> [Data for processing]
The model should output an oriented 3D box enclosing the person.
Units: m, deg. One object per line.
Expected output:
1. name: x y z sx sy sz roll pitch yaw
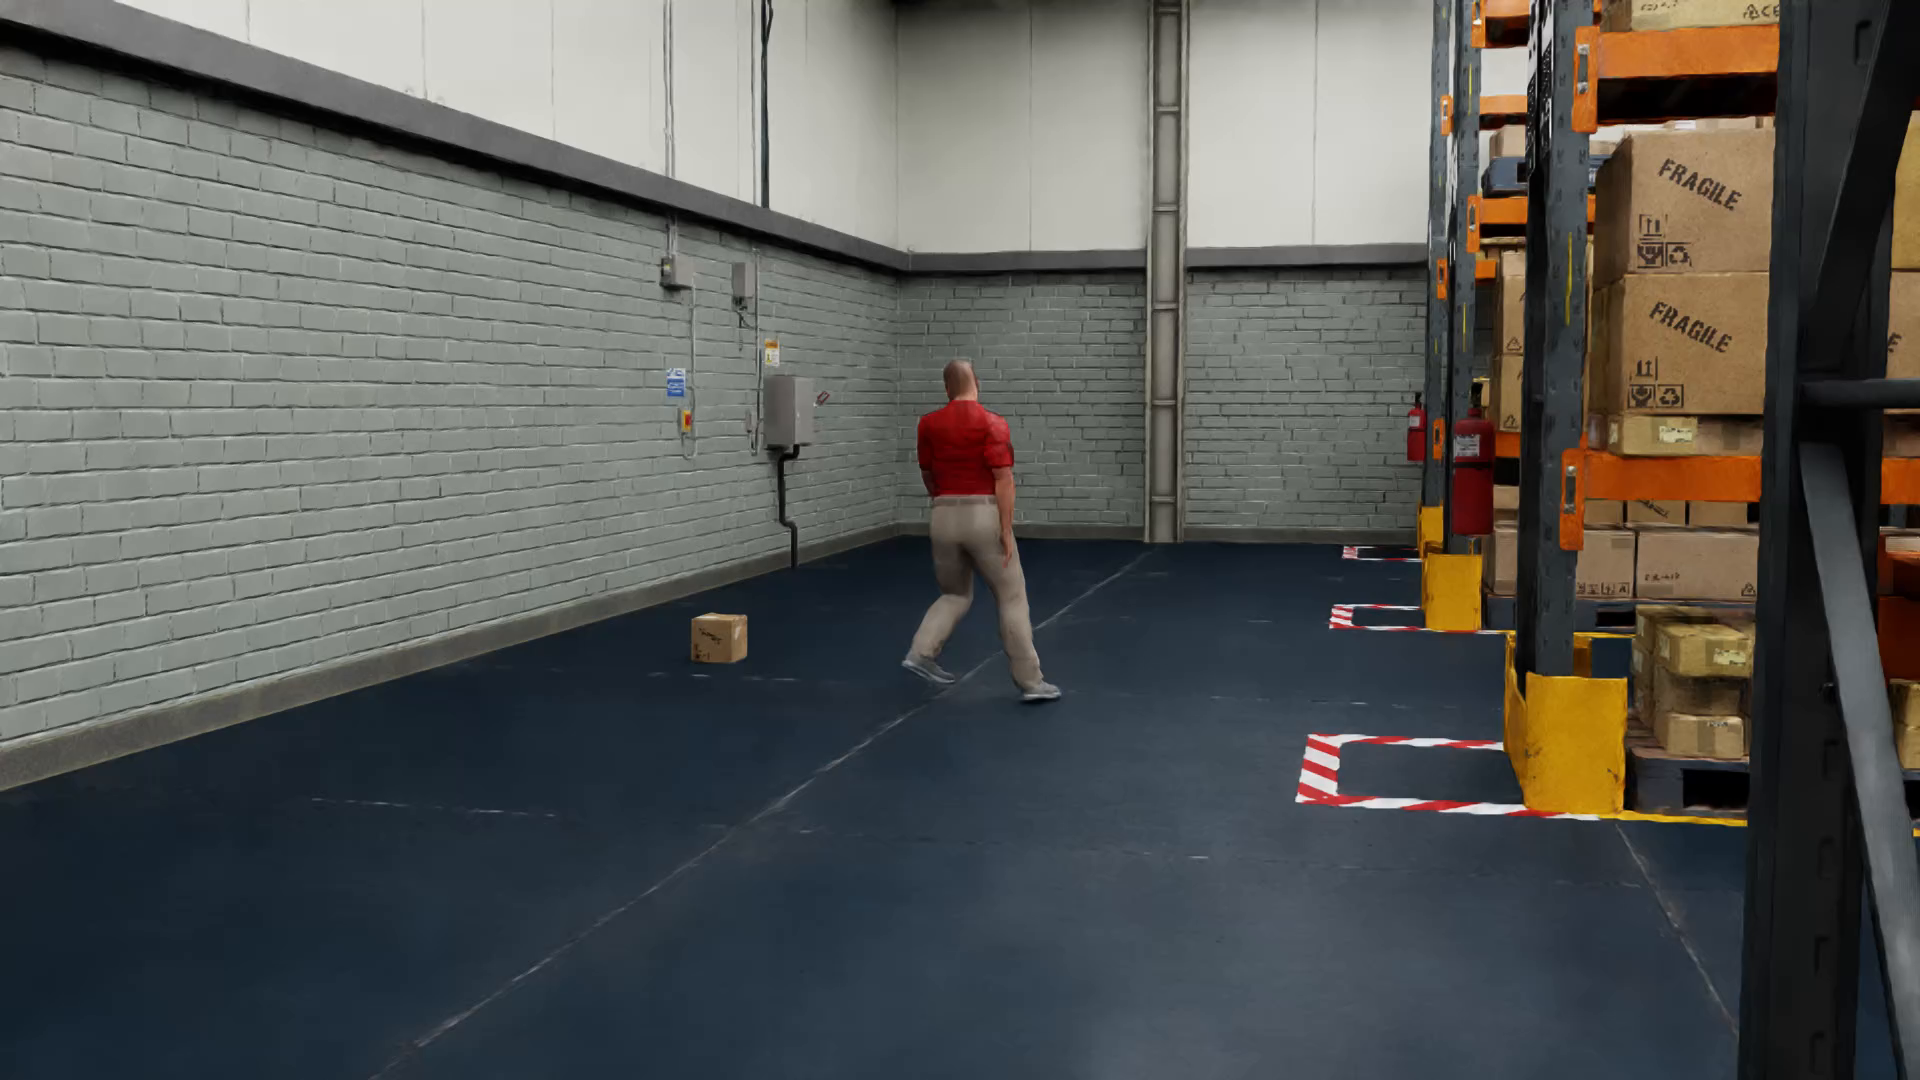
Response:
1. person: 0.134 -0.051 8.325 0.698 1.711 0.514 2 5 19

> [Task to complete]
Only the lines containing the word "output" should be returned from the data above.

> [Answer to the problem]
The model should output an oriented 3D box enclosing the person.
Expected output:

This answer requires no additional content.